• latw-219-1
    Marble head of bearded man. (Courtesy of the Vedat Nedim Tör Museum, Istanbul)
  • latw-219-2
    Marble head of bearded man, top view (©Archaeological Exploration of Sardis/President and Fellows of Harvard College)

Marble head of bearded man

Date
Third to fifth century AD, Late Roman
Museum
Manisa, Archaeological and Ethnographic Museum, 1674
Museum Inventory No.
1674
Sardis or Museum Inv. No.
S61.018
Material
Marble, Stone
Object Type
Sculpture
Sculpture Type
Human Figure
Site
Sardis
Sector
RT
Trench
RT 61
Locus
Marble Road
B-Grid Coordinates
E11 / S17.3 *96.46
Description
Head broken at neck. Framing the forehead “are three separate masses of hair…one in the center made up of two separate tiers, and two at the sides.…The forehead is plastically modeled with two horizontal bony masses.…Upon the surface are incised horizontal furrows, both in the center of the forehead, and just over the eyebrows.” Eyebrows are prominent. Of the eyes, “the pupil is a drilled pendent arc, the iris incised.” Under the eyes are pouches; and at each corner incised crow’s feet. Cheek folds terminate in crisp lines that extend from outer nostrils to outer mustache. The mustache is “heavy” and “curved,…neatly trimmed to follow the edge of the overhanging upper lip.
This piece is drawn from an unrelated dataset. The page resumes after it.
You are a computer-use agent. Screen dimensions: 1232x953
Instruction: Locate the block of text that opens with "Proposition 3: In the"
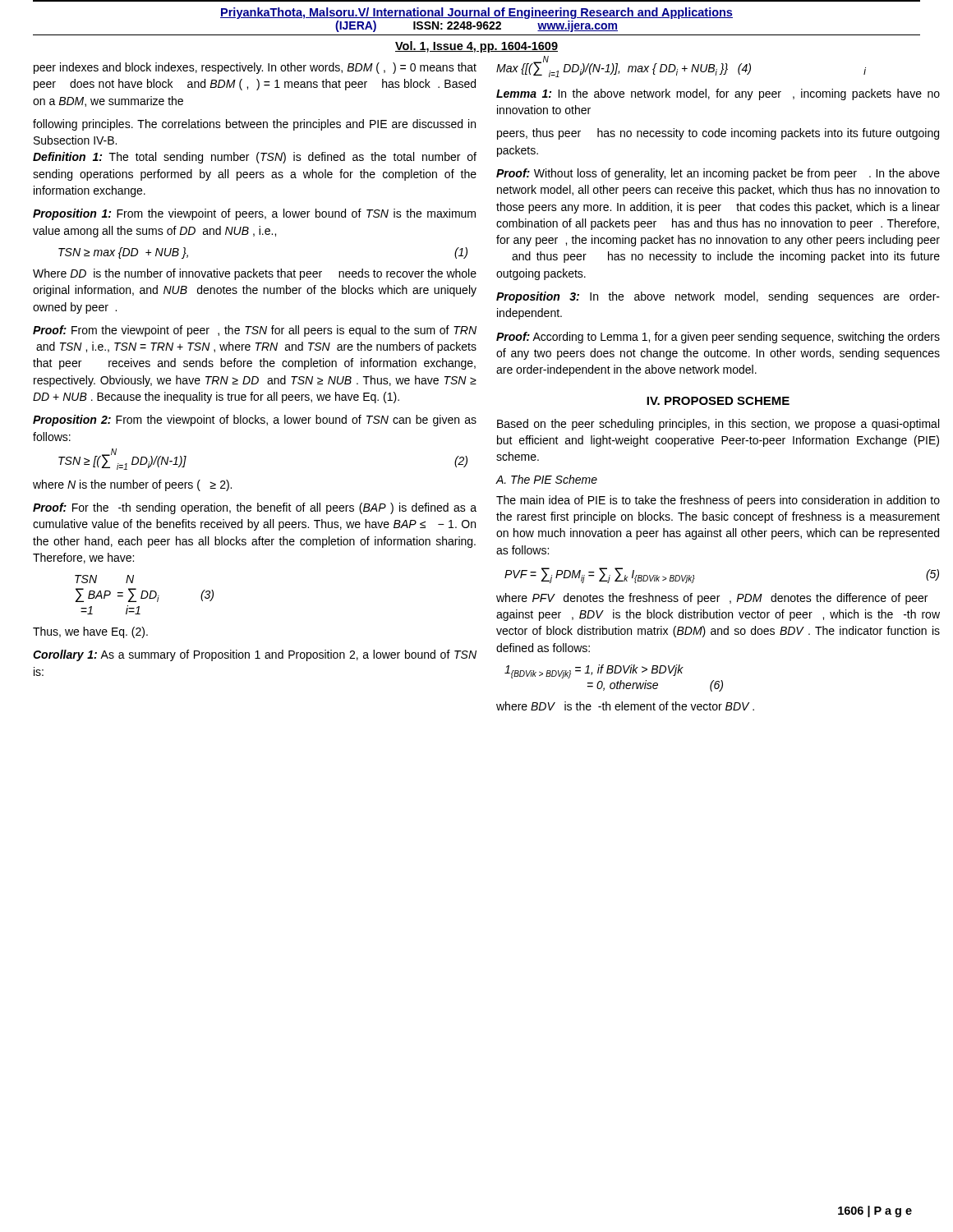tap(718, 305)
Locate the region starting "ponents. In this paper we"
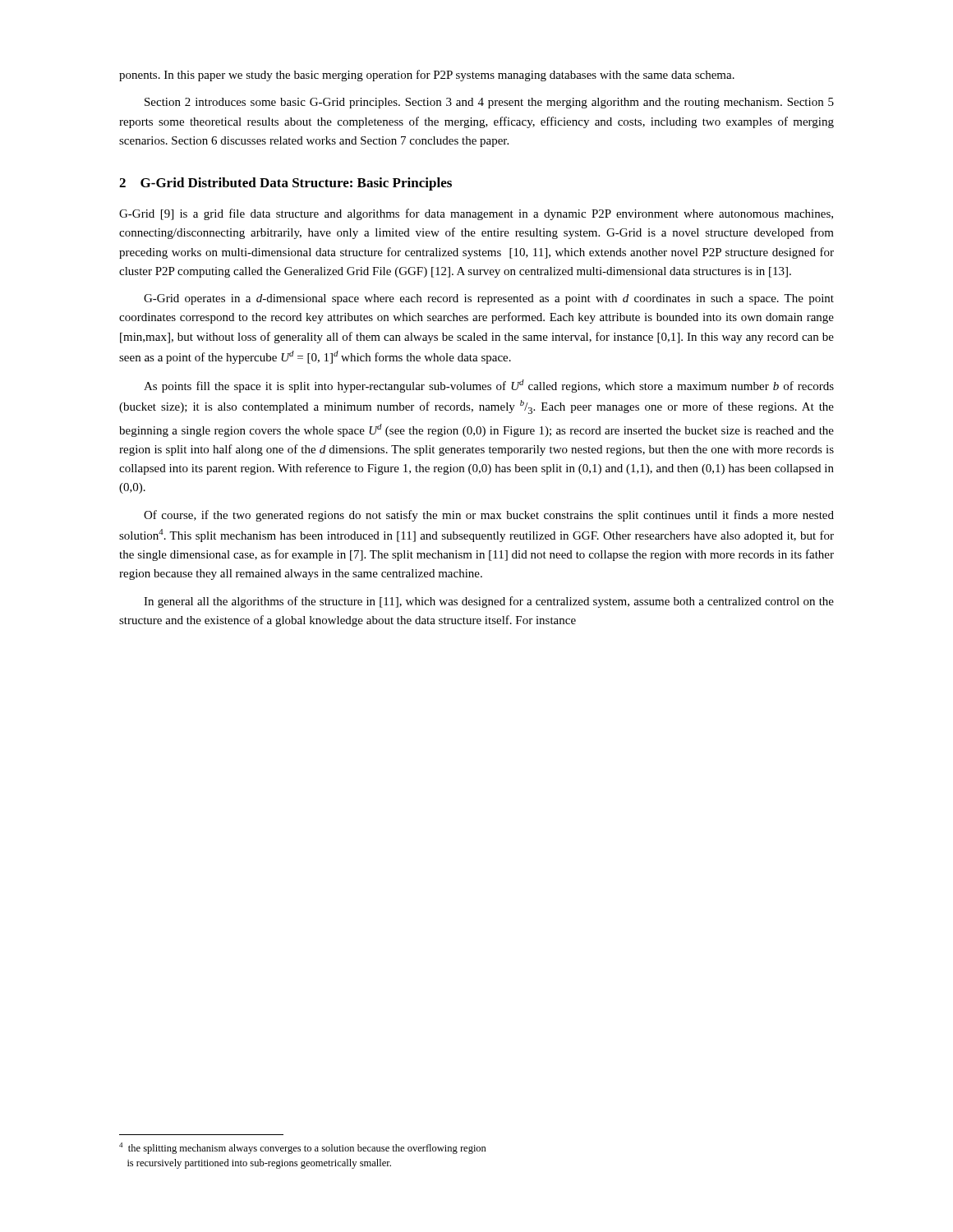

Above the center of the lip the mustache is parted, leaving a small triangular bare spot.”…There is a short growth of beard under the lower lip, and then a bare area, before the voluminous thick curls of the chin. Here the beard falls in two tiers, one on the forward chin and one from underneath the jaw. Most of the curls are short. Deep drilling is used in the hair framing the brow and in the beard; and in both places there are ‘bridges’ or ‘hair struts.’ “The ears have a large opening and are deeply drilled.” Behind the masses of hair that frame the brow, the hair surface is unfinished: over the top and back of the head it is smoothly chiseled, and two rows of curls at the back of the neck are roughly defined. Just behind the central mass of hair over the brow are three incised letters in Greek: Χ Μ Γ. (Quotations are from Ramage in Hanfmann and Ramage 1978, 100). Preserved height 0.30 m.
Comments
The head was recovered resting face down in debris, which was evidently bedding for a Byzantine road of the seventh century AD or later; it probably belongs to a full statue. Features of the face and beard suggested to E. Wueste (unpublished MA thesis, University of California at Berkeley) that the statue probably represented an intellectual rather than an administrative official. The three letters, located on the unfinished top of the head and behind the crest of the central hair mass, would not have been visible from the front of the statue; they are an acronym, which signifies Christ born of Mary, and may refer to the Christian persuasion of either the sculptor or the subject. (The letters are not cited in Hanfmann and Ramage 1978 and earlier publications; after publication, their significance was queried by Manisa Museum Director H. Dedeoğlu.)
See Also
Greenewalt, “Introduction”. See also: R2 Cat. 92
Bibliography
Hanfmann and Ramage 1978, 100, no. 92 (with previous bibliography); Dedeoğlu 2003, 92, fig. For ‘hair struts,’ Hollinshead 1998; for the acronym, its interpretation, and bibliography, Smith 2002, 150-153.